Uczył się bez rewelacji i nawet kiedyś Anka mnie podpytywała, czy przypadkiem rodzice nie usiłują „kupować” mu stopni, bo takie chodzą słuchy. Śmiałam się z tego, bo rodziców Rafała nie widziałam na oczy i nikt na mnie nie wywierał żadnej presji, abym mu nieuczciwie podciągała trójki. Dlatego takim niesamowitym zaskoczeniem było dla mnie oskarżenie, które usłyszałam w gabinecie dyrektorki. Otóż powiedziała mi, że Rafał twierdzi, iż domagałam się od niego seksu w zamian za poprawienie mu stopni!

To było tak absurdalne, że aż mnie zatkało! Spodziewałam się, iż dyrektorka zaraz oświadczy, że nie może pozwolić w swoje szkole na takie zachowanie ucznia i wezwie Rafała na dywanik, a potem każe mu mnie przeprosić! Zamiast tego dostałam dyscyplinarne zwolnienie z pracy… A więc uwierzono dzieciakowi z maturalnej klasy, a nie mnie!

Co więcej, nie dano mi nawet możliwości obrony, konfrontacji, nikt tak naprawdę ze mną na ten temat nie porozmawiał! Czułam wściekłość i upokorzenie. Wyszłam z gabinetu dyrektorki z podniesioną głową i postanowieniem, że nie zniżę się do płaczu. Ale potem dopadła mnie świadomość tego, co się stało.

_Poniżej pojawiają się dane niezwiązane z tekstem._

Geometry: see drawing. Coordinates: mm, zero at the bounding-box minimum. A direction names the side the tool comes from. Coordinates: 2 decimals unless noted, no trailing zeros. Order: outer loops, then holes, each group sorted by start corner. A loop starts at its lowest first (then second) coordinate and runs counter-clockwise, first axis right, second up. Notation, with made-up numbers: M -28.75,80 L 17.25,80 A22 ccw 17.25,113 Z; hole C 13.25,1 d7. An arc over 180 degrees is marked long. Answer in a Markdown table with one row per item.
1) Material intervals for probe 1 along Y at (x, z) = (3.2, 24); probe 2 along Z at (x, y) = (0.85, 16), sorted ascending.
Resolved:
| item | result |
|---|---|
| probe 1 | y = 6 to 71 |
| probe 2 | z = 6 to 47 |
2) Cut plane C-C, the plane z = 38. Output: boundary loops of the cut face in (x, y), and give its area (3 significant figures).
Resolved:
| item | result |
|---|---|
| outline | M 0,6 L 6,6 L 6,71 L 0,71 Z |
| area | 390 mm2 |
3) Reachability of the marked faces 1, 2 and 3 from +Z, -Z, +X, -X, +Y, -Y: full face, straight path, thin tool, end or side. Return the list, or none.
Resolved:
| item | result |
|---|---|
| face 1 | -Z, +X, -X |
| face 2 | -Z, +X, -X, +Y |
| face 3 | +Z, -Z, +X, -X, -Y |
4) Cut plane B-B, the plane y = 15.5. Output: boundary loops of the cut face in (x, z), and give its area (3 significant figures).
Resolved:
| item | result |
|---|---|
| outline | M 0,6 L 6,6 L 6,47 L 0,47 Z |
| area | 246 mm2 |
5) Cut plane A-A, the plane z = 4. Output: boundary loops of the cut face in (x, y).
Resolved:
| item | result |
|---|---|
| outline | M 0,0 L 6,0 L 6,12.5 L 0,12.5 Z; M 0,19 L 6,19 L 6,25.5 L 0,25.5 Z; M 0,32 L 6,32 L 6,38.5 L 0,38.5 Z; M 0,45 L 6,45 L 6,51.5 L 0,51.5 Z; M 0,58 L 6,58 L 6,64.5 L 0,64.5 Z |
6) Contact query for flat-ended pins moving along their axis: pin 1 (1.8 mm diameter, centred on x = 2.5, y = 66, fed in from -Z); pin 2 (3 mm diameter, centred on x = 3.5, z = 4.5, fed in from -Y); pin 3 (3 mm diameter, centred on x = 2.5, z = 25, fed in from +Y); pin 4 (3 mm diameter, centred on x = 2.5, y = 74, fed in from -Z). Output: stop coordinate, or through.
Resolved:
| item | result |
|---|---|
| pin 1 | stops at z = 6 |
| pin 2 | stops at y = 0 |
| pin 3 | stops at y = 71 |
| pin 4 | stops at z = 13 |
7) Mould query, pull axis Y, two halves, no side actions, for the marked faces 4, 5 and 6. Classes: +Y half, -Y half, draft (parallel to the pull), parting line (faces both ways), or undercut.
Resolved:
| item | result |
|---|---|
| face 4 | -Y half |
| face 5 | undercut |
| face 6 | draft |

Ja, dwudziestosześcioletnia nauczycielka, zostałam oskarżona o seksualny szantaż na dziewiętnastolatku! I wszyscy wtajemniczeni mu uwierzyli! Dlaczego? Co było takiego we mnie, że tak łatwo im to przyszło? Zaważył fakt, że jestem samotna? Nie mam męża ani nawet narzeczonego? Uznali, że w związku z tym mogę być niewyżyta seksualnie, napalona nawet na dziecko?

Zresztą Rafał wcale nie był dzieckiem, tylko przystojnym młodym mężczyzną. Na tyle bezczelnym, aby mnie oskarżyć o gwałt! Dlaczego? Co ja mu takiego zrobiłam, że postanowił mnie zniszczyć? Byłam pewna, że nigdy się tego nie dowiem i będę musiała żyć z moją traumą już zawsze.

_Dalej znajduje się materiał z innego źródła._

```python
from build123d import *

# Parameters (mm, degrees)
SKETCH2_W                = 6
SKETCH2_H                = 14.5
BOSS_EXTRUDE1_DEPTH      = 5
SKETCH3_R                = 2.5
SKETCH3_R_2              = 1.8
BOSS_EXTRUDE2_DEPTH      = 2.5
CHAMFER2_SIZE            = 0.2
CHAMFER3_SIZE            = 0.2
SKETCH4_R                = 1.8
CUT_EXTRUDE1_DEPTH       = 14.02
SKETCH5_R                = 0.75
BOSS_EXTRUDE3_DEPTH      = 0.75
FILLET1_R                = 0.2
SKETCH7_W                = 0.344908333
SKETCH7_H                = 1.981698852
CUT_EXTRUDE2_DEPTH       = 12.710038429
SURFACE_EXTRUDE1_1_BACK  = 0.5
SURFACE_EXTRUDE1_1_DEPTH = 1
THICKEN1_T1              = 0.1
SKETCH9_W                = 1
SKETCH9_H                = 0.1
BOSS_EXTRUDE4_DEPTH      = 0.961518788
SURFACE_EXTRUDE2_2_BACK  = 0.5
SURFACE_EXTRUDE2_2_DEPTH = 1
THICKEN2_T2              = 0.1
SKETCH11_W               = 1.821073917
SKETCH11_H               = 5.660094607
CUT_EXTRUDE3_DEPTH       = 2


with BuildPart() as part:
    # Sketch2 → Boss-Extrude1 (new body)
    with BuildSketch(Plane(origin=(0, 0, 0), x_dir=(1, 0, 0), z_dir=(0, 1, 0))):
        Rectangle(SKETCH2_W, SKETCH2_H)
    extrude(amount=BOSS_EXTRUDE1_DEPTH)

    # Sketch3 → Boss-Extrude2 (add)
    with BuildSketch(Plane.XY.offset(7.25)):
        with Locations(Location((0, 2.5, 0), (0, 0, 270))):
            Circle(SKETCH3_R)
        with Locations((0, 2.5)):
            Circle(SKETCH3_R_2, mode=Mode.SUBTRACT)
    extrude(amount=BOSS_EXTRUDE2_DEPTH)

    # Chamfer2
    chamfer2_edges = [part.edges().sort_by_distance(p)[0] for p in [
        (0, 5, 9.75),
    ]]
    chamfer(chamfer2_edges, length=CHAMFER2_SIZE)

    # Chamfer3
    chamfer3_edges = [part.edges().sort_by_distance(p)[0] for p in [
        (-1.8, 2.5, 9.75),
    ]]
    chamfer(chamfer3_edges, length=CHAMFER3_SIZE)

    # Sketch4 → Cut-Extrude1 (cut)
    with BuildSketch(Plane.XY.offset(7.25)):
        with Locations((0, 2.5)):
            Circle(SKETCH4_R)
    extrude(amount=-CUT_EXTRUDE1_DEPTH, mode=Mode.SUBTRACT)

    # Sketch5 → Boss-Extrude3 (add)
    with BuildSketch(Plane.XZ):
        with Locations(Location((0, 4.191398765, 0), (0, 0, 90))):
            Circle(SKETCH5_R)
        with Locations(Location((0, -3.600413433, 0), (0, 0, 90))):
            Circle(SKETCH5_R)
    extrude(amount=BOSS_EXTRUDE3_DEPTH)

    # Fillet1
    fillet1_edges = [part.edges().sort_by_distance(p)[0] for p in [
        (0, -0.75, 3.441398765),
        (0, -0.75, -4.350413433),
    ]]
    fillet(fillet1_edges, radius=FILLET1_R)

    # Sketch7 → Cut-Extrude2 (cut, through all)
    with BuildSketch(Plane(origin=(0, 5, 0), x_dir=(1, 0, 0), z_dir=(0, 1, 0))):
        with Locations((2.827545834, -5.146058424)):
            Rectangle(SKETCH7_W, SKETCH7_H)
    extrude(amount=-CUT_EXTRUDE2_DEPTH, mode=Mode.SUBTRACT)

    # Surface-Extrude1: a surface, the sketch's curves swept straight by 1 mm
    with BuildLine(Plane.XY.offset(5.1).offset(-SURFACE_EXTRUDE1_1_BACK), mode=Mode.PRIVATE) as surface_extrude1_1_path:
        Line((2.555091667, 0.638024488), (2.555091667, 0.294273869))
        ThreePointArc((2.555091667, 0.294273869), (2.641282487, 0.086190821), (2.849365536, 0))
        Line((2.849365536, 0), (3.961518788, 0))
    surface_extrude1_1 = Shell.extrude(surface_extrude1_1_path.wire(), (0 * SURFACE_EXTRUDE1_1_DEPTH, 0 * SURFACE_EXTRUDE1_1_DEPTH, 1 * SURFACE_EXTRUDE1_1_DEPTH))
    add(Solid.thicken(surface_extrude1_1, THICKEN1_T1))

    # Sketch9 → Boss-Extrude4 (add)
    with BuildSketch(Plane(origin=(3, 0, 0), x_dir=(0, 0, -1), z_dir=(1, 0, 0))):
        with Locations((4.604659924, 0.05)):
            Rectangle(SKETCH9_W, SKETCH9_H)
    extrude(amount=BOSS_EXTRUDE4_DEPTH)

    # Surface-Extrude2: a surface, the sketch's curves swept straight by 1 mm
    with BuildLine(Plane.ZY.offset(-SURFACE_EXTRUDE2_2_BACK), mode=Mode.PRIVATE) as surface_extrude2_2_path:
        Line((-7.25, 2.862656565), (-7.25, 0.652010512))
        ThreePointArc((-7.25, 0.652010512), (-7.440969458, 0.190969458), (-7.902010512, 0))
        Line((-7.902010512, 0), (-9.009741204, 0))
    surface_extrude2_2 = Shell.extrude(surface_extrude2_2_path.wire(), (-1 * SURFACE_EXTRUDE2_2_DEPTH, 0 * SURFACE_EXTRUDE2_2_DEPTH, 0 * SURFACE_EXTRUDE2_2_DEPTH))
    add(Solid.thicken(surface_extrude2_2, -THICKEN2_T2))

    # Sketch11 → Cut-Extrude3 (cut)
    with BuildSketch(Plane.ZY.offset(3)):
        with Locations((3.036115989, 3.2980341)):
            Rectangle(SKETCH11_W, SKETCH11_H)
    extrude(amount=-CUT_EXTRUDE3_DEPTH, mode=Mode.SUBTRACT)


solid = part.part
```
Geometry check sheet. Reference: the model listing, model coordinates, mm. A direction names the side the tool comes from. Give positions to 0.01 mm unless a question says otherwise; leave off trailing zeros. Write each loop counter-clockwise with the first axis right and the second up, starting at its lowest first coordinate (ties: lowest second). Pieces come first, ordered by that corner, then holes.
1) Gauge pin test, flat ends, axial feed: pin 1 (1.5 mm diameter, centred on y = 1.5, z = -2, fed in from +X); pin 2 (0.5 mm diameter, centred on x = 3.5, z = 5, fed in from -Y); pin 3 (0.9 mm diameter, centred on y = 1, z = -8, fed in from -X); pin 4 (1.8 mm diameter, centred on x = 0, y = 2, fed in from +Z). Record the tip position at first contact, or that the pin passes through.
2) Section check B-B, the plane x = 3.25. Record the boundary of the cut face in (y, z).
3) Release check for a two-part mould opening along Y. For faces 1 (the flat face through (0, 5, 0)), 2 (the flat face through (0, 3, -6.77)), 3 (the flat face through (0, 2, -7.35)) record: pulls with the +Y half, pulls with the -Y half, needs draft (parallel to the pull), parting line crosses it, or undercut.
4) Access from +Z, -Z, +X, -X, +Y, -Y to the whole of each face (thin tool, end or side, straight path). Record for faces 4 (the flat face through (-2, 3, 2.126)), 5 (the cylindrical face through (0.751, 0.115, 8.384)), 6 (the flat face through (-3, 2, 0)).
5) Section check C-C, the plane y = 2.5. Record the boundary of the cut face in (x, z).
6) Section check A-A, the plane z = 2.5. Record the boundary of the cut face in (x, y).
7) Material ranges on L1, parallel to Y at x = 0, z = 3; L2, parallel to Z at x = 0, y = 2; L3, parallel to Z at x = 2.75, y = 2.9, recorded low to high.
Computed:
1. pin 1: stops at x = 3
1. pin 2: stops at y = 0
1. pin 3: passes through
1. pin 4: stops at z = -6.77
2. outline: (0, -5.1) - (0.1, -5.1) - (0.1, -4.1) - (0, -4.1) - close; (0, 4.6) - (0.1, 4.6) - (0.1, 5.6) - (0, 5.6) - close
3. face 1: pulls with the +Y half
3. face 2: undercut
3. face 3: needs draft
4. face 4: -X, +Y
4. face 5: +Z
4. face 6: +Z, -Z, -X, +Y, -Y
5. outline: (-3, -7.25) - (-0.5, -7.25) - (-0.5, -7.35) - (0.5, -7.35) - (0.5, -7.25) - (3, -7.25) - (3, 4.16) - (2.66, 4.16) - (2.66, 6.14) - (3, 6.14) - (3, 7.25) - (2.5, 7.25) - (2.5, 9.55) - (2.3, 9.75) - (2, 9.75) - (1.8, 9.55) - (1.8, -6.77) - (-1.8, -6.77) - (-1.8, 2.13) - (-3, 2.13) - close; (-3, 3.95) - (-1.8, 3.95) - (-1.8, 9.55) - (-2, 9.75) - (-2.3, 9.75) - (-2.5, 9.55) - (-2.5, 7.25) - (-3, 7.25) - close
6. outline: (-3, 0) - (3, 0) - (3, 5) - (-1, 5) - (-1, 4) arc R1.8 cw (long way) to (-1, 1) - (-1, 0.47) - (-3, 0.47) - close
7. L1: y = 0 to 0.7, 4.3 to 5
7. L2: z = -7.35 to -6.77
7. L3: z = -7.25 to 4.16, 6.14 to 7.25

Jednak pewnego dnia zadzwoniła moja komórka, na której wyświetlił się obcy numer. Odebrałam. Kiedy mój rozmówca się przedstawił, nie wierzyłam, że miał czelność się do mnie odezwać! Chciałam się rozłączyć i tylko ostatkiem sił tego nie zrobiłam. To był ojciec Rafała. Poprosił o spotkanie. Sama nie wiem, dlaczego się na nie zgodziłam, w końcu to on był jednym ze sprawców mojego upokorzenia. Czego jeszcze ode mnie chciał?

Chciał usłyszeć moją wersję wydarzeń

Rychło w czas! Po tym wszystkim, co miało miejsce…
– Nie ma żadnej „mojej wersji wydarzeń” – powiedziałam. – Ja po prostu niczego nie zrobiłam. Nigdy nie spotkałam się z pana synem inaczej, jak tylko w klasie, w obecności innych uczniów. I nigdy nie składałam mu żadnych propozycji. Jestem dorosłą kobietą, do głowy by mi nie przyszło sypiać z podopiecznymi!

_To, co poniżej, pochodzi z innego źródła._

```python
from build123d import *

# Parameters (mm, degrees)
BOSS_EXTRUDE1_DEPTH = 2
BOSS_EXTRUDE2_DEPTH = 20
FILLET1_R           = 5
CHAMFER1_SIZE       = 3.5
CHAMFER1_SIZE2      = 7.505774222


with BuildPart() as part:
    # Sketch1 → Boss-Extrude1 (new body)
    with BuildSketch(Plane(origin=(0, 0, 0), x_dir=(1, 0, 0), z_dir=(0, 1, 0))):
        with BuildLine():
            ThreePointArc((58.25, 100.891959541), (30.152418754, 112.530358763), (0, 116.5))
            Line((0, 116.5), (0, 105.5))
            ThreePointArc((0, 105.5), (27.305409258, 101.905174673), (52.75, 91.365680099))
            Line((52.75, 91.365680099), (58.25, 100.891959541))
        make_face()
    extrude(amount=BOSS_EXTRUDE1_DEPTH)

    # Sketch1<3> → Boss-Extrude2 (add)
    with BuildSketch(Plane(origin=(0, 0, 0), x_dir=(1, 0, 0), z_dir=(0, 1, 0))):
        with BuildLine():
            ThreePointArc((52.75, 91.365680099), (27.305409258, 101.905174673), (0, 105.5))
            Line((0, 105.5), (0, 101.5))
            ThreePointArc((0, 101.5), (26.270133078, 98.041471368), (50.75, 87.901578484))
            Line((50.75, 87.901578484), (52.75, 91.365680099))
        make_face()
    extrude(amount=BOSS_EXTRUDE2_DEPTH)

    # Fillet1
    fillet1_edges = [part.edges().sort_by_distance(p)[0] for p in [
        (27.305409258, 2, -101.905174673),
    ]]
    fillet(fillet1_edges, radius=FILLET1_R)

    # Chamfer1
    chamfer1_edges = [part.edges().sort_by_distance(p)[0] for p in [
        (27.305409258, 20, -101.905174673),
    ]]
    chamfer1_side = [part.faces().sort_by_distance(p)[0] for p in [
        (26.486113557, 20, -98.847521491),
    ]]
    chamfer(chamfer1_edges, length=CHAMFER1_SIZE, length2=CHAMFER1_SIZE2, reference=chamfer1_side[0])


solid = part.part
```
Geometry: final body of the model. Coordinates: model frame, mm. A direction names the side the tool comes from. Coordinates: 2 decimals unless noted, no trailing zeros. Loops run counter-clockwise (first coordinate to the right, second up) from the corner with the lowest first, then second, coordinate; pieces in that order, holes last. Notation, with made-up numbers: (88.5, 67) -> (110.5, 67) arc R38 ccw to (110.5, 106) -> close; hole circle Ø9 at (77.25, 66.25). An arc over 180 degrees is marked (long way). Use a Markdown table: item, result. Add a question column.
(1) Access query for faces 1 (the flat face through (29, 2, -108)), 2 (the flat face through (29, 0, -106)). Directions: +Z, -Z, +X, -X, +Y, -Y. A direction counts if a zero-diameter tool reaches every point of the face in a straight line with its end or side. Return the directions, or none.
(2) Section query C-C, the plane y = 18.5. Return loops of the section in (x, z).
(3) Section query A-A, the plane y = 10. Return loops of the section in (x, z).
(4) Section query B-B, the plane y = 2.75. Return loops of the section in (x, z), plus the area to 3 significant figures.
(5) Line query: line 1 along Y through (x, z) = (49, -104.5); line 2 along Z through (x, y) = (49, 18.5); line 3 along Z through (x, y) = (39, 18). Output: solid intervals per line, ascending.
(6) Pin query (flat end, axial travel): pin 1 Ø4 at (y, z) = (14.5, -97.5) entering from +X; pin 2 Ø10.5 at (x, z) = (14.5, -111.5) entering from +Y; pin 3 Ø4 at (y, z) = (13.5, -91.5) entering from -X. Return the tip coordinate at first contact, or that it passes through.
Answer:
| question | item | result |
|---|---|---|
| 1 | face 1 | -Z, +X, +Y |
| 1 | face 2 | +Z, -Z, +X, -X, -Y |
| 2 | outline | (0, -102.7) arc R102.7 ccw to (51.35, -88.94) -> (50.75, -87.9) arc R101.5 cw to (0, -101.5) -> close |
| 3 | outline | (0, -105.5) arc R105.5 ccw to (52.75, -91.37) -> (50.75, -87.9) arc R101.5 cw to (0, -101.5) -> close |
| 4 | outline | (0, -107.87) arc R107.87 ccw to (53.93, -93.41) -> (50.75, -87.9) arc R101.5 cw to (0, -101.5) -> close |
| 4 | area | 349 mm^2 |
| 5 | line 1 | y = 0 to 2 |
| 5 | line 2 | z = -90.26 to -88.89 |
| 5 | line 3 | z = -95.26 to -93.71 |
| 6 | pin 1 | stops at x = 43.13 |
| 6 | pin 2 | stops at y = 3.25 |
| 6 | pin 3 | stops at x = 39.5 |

Ojciec Rafała pokiwał głową, a potem zapytał, co ma zrobić, aby zadośćuczynić mojej krzywdzie. Bo on już także wie, że żaden seksualny incydent nie miał miejsca. Jego syn to wszystko sobie zmyślił! Na jednej z imprez zakrapianych alkoholem chłopak zaczął przechwalać się, że ma chody u polonistki, czyli u mnie, i jest ze mną w stanie załatwić piątkę dla każdego, kto tylko zechce.

I być może sprawa umarłaby śmiercią naturalną, jako zwyczajny pijacki bełkot, gdyby plotka nie rozeszła się po szkole. Powtarzana z ust do ust zamieniła się z „chodów u polonistki” w coś o wiele gorszego, czyli wykorzystywanie seksualne ucznia.

Dlaczego chłopak na to pozwolił? Dlaczego nie ukrócił wymysłów? Bo w sumie mu się podobało to, że wyszedł w szkole na superogiera, który obraca w łóżku tę fajną polonistkę! A kiedy doprowadziło to do mojego zwolnienia, nie mrugnął okiem, a nawet… ucieszył się, że ma taką „władzę” nad nauczycielami!

To dlatego trzy miesiące później postanowił w ten sam sposób „załatwić” chemiczkę, która mu czymś podpadła. Ją także oskarżył o molestowanie i… dyrektorka liceum wyrzuciła drugą nauczycielkę równie szybko i bez dociekania prawdy, jak mnie!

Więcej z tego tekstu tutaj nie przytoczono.